In line with the findings reported in this study, some other mechanistic studies support the hypothesis that moderate alcohol consumption may actually exert beneficial effects on bone health. Low-to-moderate alcohol intake has been associated with slowing age-related bone loss by decreasing the overall rate of bone remodeling [57]. The mechanism related to the alcohol content of alcoholic beverages may rely on the relative increase in estrogen levels in women and the increase in estradiol levels in men associated with moderate alcohol consumption [58]. Moreover, there is growing evidence that the non-alcoholic fraction of alcoholic beverages may play a role in improving bone health; for instance, red wine is rich in resveratrol—a stilbene with phytoestrogenic properties that may serve as a natural alternative to conventional hormone replacement therapy, exhibiting estrogen-like effects on bone metabolism [59]. Interestingly, resveratrol has also been demonstrated in animal studies to exert multiple actions on both osteoblasts and osteoclasts in the pre-menopausal period, albeit these findings are not found in humans [60]. Moreover, other phenolic compounds contained in beer—such as phenolic acids—have been linked to ROS scavenging activity and downregulation of inflammatory mediators, including osteoclast differentiation and activity by the osteoblast production of various signaling proteins [61]. Furthermore, silicon from malt contained in wine and, more importantly, in beer, has been reported to play a role in the growth and mineralization of bone and regeneration of connective tissue [62].

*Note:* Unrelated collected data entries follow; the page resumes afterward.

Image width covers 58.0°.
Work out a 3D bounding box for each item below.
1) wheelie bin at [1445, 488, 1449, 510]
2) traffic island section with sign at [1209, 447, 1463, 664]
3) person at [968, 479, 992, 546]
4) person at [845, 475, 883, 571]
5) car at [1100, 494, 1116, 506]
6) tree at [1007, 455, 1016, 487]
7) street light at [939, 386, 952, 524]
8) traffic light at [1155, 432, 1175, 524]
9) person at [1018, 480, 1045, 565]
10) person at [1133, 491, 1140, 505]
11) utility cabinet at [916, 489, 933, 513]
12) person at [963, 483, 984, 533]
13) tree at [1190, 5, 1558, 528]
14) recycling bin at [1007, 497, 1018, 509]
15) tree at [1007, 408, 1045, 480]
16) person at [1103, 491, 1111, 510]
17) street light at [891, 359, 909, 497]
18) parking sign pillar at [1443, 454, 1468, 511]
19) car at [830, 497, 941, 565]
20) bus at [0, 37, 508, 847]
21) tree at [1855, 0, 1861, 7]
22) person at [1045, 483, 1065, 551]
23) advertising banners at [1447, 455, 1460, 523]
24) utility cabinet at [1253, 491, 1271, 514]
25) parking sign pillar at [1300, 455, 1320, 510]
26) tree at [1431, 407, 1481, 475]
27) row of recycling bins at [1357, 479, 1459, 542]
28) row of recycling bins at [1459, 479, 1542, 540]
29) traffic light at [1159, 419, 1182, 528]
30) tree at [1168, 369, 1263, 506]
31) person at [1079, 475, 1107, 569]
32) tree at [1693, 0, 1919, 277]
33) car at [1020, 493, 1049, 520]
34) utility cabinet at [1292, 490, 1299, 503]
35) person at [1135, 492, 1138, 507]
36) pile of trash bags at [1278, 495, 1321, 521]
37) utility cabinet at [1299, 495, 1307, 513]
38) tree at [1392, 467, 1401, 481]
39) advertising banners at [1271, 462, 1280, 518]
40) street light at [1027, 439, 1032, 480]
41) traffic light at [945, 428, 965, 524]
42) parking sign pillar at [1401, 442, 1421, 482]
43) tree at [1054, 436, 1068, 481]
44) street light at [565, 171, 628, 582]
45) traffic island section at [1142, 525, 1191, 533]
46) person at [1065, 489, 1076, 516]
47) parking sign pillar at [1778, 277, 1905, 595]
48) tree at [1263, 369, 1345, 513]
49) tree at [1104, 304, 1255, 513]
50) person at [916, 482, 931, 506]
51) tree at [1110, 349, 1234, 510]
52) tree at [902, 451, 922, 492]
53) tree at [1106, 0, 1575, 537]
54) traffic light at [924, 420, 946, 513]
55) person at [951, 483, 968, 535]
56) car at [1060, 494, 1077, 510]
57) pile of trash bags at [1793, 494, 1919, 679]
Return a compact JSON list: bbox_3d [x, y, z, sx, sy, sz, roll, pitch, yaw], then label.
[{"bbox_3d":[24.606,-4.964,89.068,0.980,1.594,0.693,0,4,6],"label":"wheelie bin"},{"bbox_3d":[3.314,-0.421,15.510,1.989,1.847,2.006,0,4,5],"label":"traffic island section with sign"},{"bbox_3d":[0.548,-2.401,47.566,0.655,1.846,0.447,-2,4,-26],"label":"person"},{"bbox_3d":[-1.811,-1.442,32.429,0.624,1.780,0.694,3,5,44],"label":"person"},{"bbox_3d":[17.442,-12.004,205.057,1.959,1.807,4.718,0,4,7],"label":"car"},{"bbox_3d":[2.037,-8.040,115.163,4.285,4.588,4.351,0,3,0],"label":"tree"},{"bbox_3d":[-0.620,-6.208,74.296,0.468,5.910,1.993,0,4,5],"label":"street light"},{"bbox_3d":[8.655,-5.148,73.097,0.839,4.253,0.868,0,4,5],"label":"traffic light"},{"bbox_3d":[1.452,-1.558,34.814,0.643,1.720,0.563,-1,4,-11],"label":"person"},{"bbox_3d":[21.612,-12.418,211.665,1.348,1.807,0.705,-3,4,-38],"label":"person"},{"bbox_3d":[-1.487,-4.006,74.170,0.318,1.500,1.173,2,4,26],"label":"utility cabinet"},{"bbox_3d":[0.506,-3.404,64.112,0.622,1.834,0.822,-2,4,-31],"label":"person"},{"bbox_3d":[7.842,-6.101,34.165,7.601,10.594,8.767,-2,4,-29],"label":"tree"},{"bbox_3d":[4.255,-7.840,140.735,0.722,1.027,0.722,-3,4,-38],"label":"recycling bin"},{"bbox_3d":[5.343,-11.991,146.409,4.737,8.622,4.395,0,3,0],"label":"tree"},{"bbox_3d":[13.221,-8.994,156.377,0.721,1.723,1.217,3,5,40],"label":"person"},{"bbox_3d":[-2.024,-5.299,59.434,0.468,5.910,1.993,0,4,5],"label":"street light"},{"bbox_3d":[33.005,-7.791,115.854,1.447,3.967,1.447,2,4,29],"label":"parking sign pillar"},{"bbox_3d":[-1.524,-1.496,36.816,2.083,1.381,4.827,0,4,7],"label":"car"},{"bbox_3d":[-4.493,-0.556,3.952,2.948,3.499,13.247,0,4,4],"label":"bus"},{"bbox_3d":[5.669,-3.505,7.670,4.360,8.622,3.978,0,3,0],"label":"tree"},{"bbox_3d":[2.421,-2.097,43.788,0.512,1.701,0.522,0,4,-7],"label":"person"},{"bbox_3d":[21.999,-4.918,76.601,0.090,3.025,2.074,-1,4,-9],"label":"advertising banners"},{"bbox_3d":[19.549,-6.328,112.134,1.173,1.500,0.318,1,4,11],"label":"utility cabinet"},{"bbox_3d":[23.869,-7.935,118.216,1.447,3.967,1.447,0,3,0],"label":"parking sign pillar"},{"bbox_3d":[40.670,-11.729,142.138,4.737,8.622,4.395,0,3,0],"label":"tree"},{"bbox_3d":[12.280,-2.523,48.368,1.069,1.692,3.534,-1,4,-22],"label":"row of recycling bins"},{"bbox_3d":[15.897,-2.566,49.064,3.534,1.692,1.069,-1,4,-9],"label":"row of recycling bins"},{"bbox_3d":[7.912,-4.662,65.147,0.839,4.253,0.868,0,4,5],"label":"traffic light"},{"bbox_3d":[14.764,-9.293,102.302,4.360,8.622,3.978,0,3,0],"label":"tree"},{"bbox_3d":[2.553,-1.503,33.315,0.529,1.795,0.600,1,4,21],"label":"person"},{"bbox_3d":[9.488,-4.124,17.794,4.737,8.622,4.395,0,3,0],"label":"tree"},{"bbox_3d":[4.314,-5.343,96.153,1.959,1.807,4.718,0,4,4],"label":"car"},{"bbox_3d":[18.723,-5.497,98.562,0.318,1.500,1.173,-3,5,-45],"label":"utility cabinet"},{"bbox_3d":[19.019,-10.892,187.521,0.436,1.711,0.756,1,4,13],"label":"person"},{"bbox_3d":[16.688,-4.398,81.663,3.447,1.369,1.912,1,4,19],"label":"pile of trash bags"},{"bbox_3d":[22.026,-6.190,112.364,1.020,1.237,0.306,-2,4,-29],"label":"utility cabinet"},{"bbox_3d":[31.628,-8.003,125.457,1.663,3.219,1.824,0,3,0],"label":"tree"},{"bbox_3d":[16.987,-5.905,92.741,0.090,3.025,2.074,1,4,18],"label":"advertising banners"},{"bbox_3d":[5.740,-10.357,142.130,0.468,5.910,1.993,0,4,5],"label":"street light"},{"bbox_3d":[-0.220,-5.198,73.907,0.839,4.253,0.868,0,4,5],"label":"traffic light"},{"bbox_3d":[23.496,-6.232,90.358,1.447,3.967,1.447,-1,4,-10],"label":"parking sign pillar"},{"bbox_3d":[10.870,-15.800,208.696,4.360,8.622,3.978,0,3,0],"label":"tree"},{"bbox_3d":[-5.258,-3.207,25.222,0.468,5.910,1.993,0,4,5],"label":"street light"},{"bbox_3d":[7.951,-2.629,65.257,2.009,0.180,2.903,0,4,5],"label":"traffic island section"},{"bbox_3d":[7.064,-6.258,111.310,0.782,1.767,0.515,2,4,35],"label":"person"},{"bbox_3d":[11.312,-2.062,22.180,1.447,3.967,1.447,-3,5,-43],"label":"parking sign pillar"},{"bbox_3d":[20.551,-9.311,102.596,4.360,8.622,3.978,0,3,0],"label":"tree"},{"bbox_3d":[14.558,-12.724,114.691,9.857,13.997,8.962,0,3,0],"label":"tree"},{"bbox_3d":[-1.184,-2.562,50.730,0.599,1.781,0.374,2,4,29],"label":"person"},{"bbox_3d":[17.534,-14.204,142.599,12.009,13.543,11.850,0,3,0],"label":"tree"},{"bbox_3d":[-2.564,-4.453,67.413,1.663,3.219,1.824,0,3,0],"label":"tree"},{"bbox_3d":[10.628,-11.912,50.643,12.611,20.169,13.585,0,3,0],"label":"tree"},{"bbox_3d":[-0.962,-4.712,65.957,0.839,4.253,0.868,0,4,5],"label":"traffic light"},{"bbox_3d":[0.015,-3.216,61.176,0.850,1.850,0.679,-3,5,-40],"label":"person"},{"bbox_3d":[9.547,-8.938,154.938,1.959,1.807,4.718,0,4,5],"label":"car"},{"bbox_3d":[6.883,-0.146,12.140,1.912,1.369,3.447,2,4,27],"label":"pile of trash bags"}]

The present study has some limitations that should be taken into account when considering the results. First, the observational design of the original studies included does not allow us to assert causality of relationships, but only the association between consumption of alcohol and the outcomes investigated. Second, the alcohol intake was generally assessed during interviews or visits, and may not reflect early exposure or a lifelong habit. Third, the assessment of alcohol consumption fails to identify drinking patterns, which can only be hypothesized. Fourth, the increases in BMD values in light- compared to non-drinkers are not clinically relevant; however, these results should not be interpreted as a clinical improvement in BMD values in light drinkers, but rather as a null effect.

5. Conclusions

In conclusion, there is consistent evidence that increased alcohol consumption is associated with higher risk of osteoporotic fracture. However, the role of alcohol at lower doses is uncertain, given that BMD was even higher in moderate consumers compared to abstainers. The complexity of interpreting results on alcohol consumption summarizes the mixed interpretation of this major public health concern. There is confusion between modern alcohol drinking patterns and alcohol consumption within the context of a cultural heritage actually delivering health benefits associated with consolidated habits, such as a moderate daily consumption during meals—as opposed to binge drinking over a restricted time of the day. Therefore, alcohol consumers should consider that both the doses and patterns of consumption may impact bone health. Future studies are needed in order to elucidate the role of the behaviors related to alcohol consumption and their relationship with bone health.